The master planner for ECER is Malaysia-owned oil and gas company, Petronas. while the other private sector partner is the plantation group IOI Group, a public listed company. Both private sector companies Petronas and IOI have a strong presence in the East Coast. The East Coast Economic Region Development Council was established to implement the master plan.

The ECER was launched by Malaysia's Prime Minister, Abdullah Ahmad Badawi in Kuala Terengganu, the state capital of Terengganu and Kota Bharu, the state capital of Kelantan on October 30, 2007 and the following day in Kuantan, the state capital of Pahang. During the launch, the Prime Minister announced a RM 6 billion allocation as part of public investment in this development corridor.
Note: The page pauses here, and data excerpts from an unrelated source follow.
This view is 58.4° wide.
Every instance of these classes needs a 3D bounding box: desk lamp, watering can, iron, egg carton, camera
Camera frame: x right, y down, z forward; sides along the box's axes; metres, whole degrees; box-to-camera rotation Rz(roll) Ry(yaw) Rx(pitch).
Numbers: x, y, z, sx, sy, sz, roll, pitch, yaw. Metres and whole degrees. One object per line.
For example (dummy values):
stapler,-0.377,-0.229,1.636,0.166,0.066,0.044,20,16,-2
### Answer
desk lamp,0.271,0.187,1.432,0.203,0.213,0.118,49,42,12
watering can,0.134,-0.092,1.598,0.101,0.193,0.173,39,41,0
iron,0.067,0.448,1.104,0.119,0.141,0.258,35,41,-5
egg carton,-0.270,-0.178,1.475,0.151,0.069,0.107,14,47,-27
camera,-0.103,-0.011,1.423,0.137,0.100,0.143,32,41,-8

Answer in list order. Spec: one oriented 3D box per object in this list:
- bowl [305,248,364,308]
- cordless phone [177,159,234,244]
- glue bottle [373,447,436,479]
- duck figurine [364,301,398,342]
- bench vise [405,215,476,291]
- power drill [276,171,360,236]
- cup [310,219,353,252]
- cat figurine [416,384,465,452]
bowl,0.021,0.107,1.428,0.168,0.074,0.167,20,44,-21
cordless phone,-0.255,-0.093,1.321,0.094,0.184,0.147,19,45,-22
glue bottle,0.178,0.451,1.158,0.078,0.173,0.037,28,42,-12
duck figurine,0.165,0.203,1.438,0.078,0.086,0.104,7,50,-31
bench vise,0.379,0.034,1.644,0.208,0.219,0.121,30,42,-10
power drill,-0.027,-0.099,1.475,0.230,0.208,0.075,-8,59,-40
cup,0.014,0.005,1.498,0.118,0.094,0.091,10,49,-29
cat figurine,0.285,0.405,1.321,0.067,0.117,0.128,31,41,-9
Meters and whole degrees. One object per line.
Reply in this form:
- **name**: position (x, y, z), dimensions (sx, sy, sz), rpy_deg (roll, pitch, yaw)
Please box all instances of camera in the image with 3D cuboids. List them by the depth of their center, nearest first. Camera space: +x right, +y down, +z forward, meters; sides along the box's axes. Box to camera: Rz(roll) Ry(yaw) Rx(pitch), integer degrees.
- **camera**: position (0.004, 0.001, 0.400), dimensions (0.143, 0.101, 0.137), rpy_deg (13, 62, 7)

The investment is primarily in high-impact projects that will serve as catalysts for the socio-economic development of the region, which occupies almost half of Peninsular Malaysia, and lagged the West Coast states it in terms of income and investments.
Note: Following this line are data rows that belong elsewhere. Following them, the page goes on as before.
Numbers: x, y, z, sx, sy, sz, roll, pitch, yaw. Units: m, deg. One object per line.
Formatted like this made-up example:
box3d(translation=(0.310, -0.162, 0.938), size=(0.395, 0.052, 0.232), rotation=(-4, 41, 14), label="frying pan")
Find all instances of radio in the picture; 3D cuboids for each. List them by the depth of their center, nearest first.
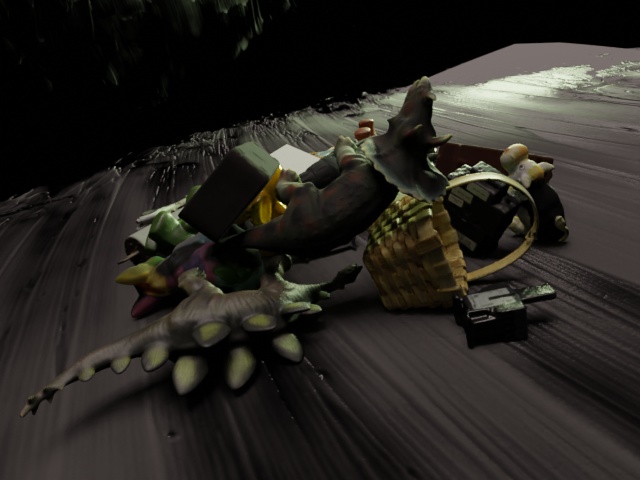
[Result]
box3d(translation=(-0.135, -0.086, 0.858), size=(0.131, 0.073, 0.230), rotation=(-49, 10, 11), label="radio")

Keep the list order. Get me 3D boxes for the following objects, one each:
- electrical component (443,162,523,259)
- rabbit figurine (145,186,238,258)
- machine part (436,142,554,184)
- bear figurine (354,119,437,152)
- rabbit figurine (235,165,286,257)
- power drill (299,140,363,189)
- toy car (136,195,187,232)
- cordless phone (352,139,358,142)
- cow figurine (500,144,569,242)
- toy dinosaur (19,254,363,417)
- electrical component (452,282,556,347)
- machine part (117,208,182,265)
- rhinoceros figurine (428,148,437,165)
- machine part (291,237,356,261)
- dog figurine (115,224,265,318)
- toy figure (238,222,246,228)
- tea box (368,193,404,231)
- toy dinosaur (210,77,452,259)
box3d(translation=(0.249, -0.053, 0.855), size=(0.115, 0.134, 0.058), rotation=(39, 50, 23), label="electrical component")
box3d(translation=(-0.239, -0.033, 1.053), size=(0.159, 0.121, 0.170), rotation=(23, 57, -4), label="rabbit figurine")
box3d(translation=(0.320, -0.130, 1.016), size=(0.202, 0.087, 0.201), rotation=(12, 12, 9), label="machine part")
box3d(translation=(0.203, -0.259, 1.409), size=(0.196, 0.131, 0.120), rotation=(-9, 27, 21), label="bear figurine")
box3d(translation=(-0.102, -0.065, 1.047), size=(0.122, 0.173, 0.162), rotation=(11, 28, 36), label="rabbit figurine")
box3d(translation=(0.077, -0.133, 0.999), size=(0.232, 0.086, 0.207), rotation=(-32, 16, -34), label="power drill")
box3d(translation=(-0.333, -0.053, 1.253), size=(0.202, 0.073, 0.056), rotation=(-29, 28, -36), label="toy car")
box3d(translation=(0.119, -0.128, 1.196), size=(0.089, 0.184, 0.147), rotation=(-38, 48, 37), label="cordless phone")
box3d(translation=(0.338, -0.069, 0.846), size=(0.068, 0.167, 0.098), rotation=(-35, 34, -6), label="cow figurine")
box3d(translation=(-0.146, 0.117, 0.731), size=(0.471, 0.104, 0.199), rotation=(-18, 24, -16), label="toy dinosaur")
box3d(translation=(0.235, 0.089, 0.683), size=(0.119, 0.047, 0.075), rotation=(-12, 23, 0), label="electrical component")
box3d(translation=(-0.327, -0.009, 1.146), size=(0.079, 0.079, 0.243), rotation=(5, 27, 34), label="machine part")
box3d(translation=(0.227, -0.159, 1.227), size=(0.112, 0.073, 0.190), rotation=(-7, 23, 9), label="rhinoceros figurine")
box3d(translation=(-0.002, -0.003, 0.993), size=(0.139, 0.084, 0.039), rotation=(-3, -10, -9), label="machine part")
box3d(translation=(-0.222, 0.060, 0.908), size=(0.219, 0.108, 0.192), rotation=(-26, 29, -21), label="dog figurine")
box3d(translation=(-0.211, -0.069, 1.228), size=(0.082, 0.089, 0.180), rotation=(-4, 29, -16), label="toy figure")
box3d(translation=(0.128, -0.054, 1.005), size=(0.068, 0.098, 0.170), rotation=(-18, 25, -12), label="tea box")
box3d(translation=(0.018, -0.047, 0.753), size=(0.405, 0.131, 0.192), rotation=(-38, 22, 6), label="toy dinosaur")

Prime Minister Najib Abdul Razak, who succeeded Abdullah Ahmad Badawi in 2008, continued the Malaysian leadership's commitment to corridor development, incorporating it into his Government Transformation Plan to bring to pass Malaysia's vision to become a high income developed nation in 2020. Two strategic initiatives under his leadership are ECER Special Economic Zone (ECER SEZ) and Malaysia-China Kuantan Industrial Park. Both are a first-of-its-kind initiatives in Malaysia, with the objective of fast-forwarding the inflow of FDI and industrialisation in the region.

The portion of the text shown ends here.